Statistical analysis

The correlation between the percentage of identity of the ERE1 loci and the natural logarithm of the frequency of polymorphic loci in each class was tested calculating Pearson’s product moment correlation coefficient.

The significance of the difference of the allelic frequencies at the myostatin promoter in the populations of Elite and Unselected Thoroughbreds was tested using a Chi-Square test goodness of fit.
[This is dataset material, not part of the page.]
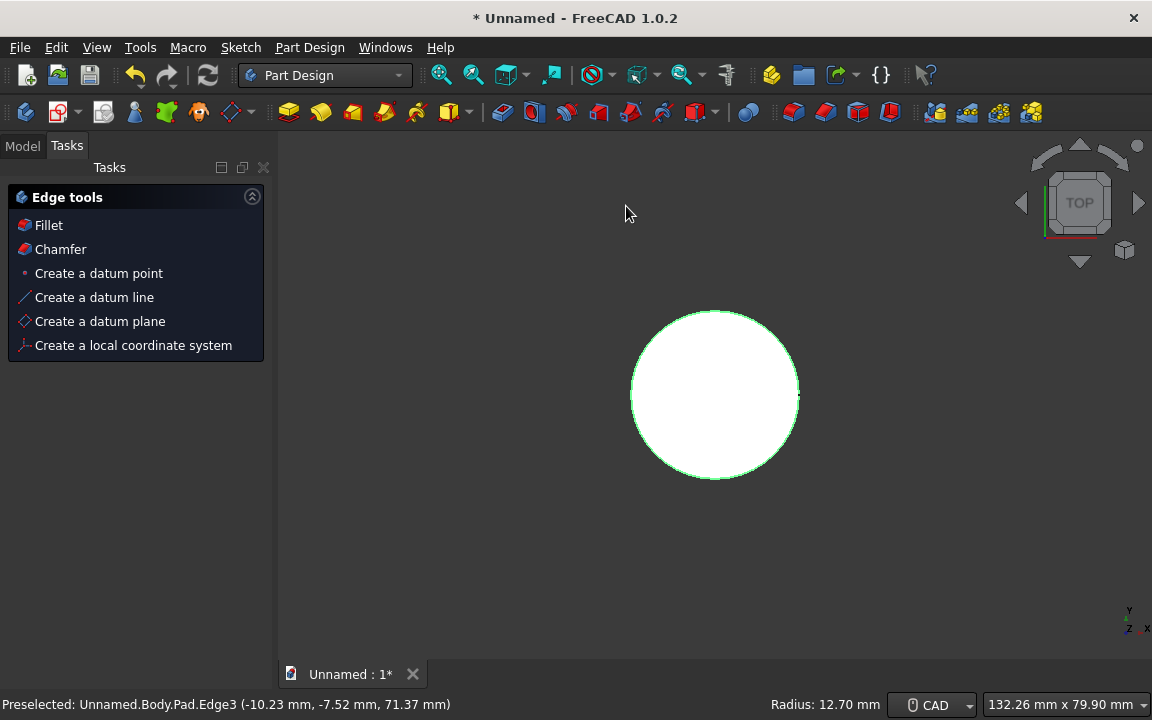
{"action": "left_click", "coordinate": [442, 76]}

The allelic frequencies in the 75 Unselected Thoroughbreds were adopted as expected values.

The significance of the correlation between the Best Race Distance and the genotype of the 117 Elite Thoroughbreds for the ERE1 insertion at the myostatin promoter was tested using a Chi-Square test for independence.

All statistical analyses were performed using R [91].

Availability of supporting data

The data sets supporting the results of this article are included within the article and its additional files.